The 100K Genome Project has added 20 newly completed genome sequences of foodborne pathogens generated using Pacific Biosciences' single-molecule sequencing technology to the National Center for Biotechnology Information's public database.
The project, which is led by the University of California, Davis; Agilent Technologies; and the US Food and Drug Administration, aims to sequence 100,000 bacterial and viral genomes overall. It adopted the PacBio RS at the start of this year, with plans to use the technology to assemble at least 1,000 complete genomes from five pathogenic bacteria species: Salmonella, Campylobacter, Escherichia coli, Vibrio, and Listeria.
Bart Weimer, the project's director and a professor at UC Davis, told In Sequence this week that these first 20 genomes represent a gearing-up phase for the project, in which his team worked through the logistics of automating its PacBio sequencing protocol for an acceleration of the project over the next year.
He said PacBio sequencing has been "fantastic" for the team so far, yielding "nice solid data," that has been easy for the group to turn around.
"We've also worked through some of the logistics of getting it loaded into the public domain, which are quite extensive because the amount of information the PacBio platform is providing is more extensive than what NCBI is used to handling," Weimer added.
"The first 20 were a trial run," he said. "And now we are at a place where we have been able to automate and streamline the process. The workflow is completely put in place to where we just finished doing short reads of 1,500 isolates, and that was done in three months. So now it's about shifting into third gear and [processing] more isolates."
Accordingly, Weimer said, the team is planning to release a second, much larger set of completed genomes this fall.
Initially, the project is using the PacBio system in combination with short-read sequencing data from other platforms to create hybrid assemblies, but the team said this past January that as PacBio's newer, longer-read chemistry came online, it would switch to using the technology for de novo assembly (IS 1/15/2013).
While Weimer said PacBio sequencing has been easy for the group to adopt, although library construction was an initial hurdle, including choosing and optimizing kits that were available, standardizing, and automating the approach to get consistent quality.
Jonas Korlach, PacBio's chief scientific officer, told In Sequence that PacBio and the 100K genomes team have been working with several vendors to adapt fluidic robot technology to automate library preparation steps.
He also said the team has benefitted, since it began working with PacBio in January, from recent upgrades in platform hardware and chemistry.
"On the hardware side, the PacBio RS II [now] doubles the throughput per SMRT cell, so you only need half the cells to close a bacterial genome," Korlach said. The RS II, which was launched in March, increases throughput over the initial PacBio system to around 500 megabases per SMRT cell.
"Then, with our chemistry upgrade, it has a higher single-pass accuracy, which insures that you can get a high-quality genome at lower coverage," Korlach added.
A third advance, which was not in play for the 20 genomes the 100K project just released — but which Korlach said is being incorporated into the workflow moving forward — is upfront DNA size selection using Sage Science's BluePippin platform, which PacBio agreed to co-market earlier this year.

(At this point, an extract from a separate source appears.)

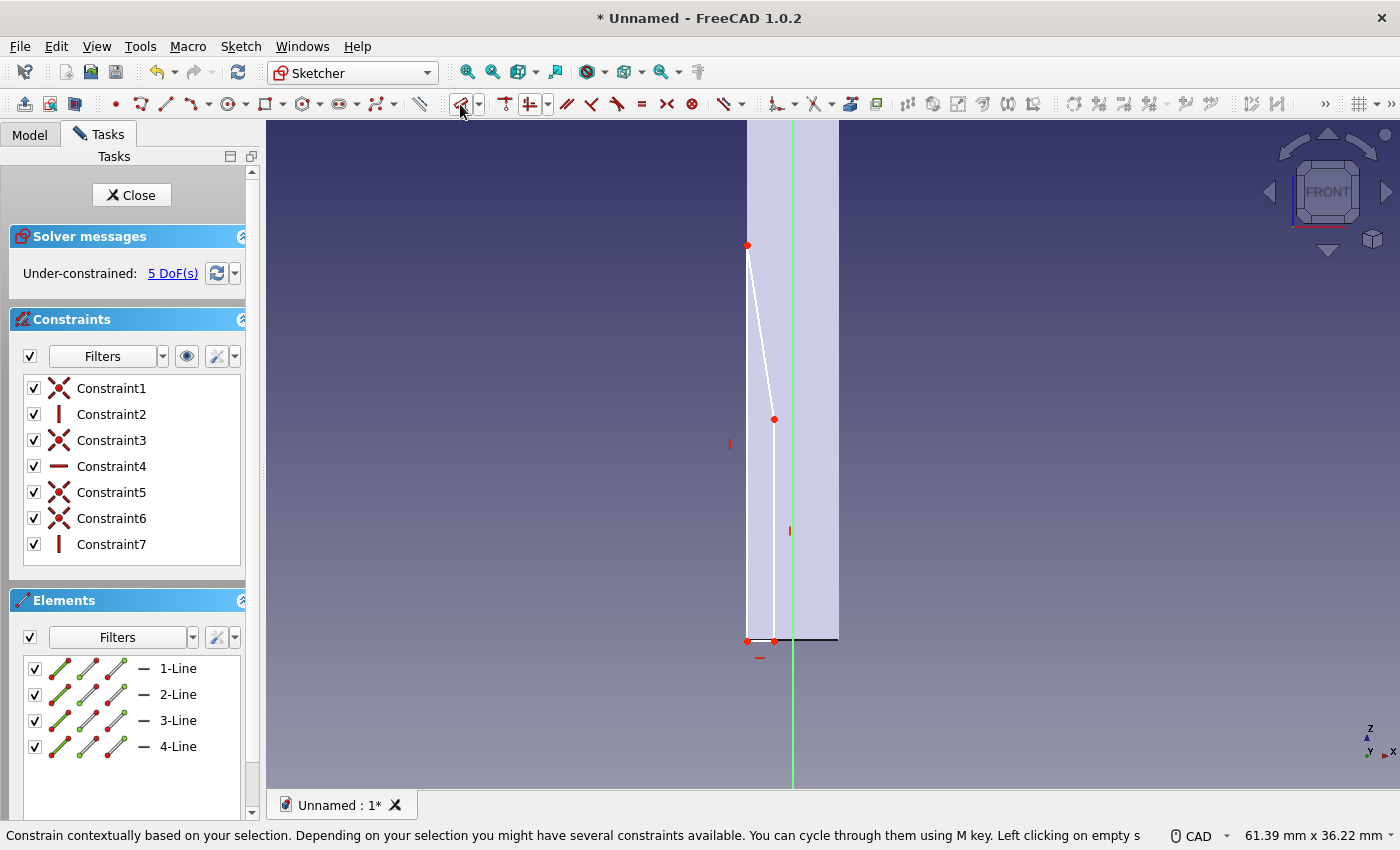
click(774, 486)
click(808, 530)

Weimer said that the chemistry upgrade has been particularly helpful, as well as the release of PacBio's HGap de novo assembly tool, which selects for the longest available reads to create seed reads used to pre-assemble the genome, to which shorter reads are aligned to build consensus.
"We are one of the first groups to use HGap, and we started using it before they published it," Weimer said. "It has really been a huge improvement as well."

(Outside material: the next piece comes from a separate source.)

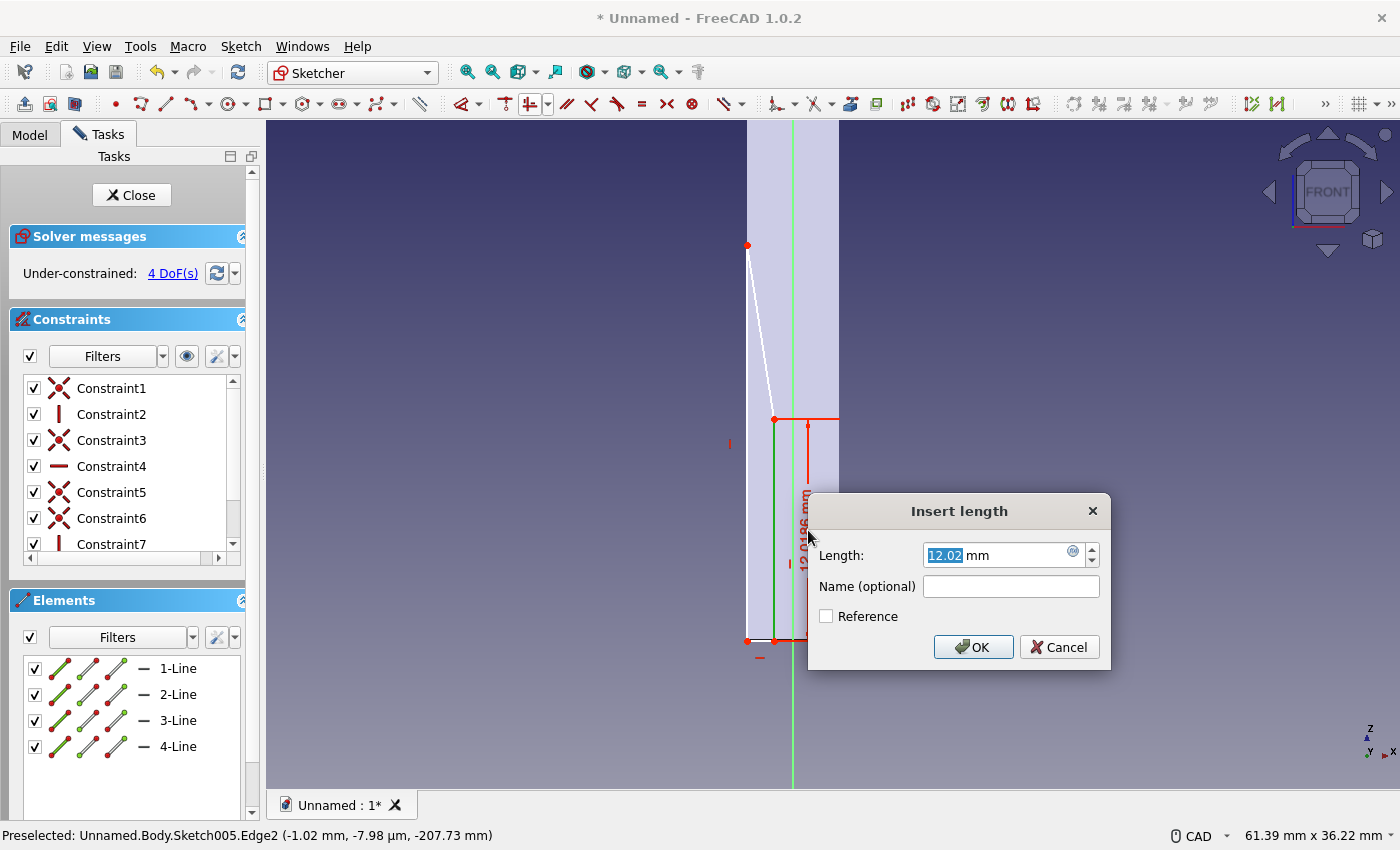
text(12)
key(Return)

More than the sequencing, Weimer said that the main issue for the group in this first phase was integrating the PacBio data into the NCBI's database.
"These finished genomes and the mass of information is not something they are typically seeing in this quality," Korlach explained. "Also the data structure is a little different from Sanger and second-generation sequencing because we are providing DNA-base modification information — epigenetic information — along with sequence information."
"So, we have been working with NCBI to incorporate that and make it available in their genome browsers, but there is still some work we have to do to really optimize that — to make it efficient," he said.
Moving forward, Weimer said the team is now looking to expand its sequencing efforts dramatically — seeking partners that have capacity to do sequencing in a "robust enough fashion" to keep up with the project's goals.
He didn't mention who these potential partners might be, but said the project is considering several.
"Also, what we are going to be doing in the next year," he said, "is clarifying the strategy of what isolates to sequence when [and] making a ranking system."
"So far we've been taking all comers and sequencing whatever came in because we needed to get the pipeline in place. But year two and three will be about a strategy to fill in some of the genomic gaps we have and then fill in some of the parts of the world we haven't sequenced yet," Weimer said.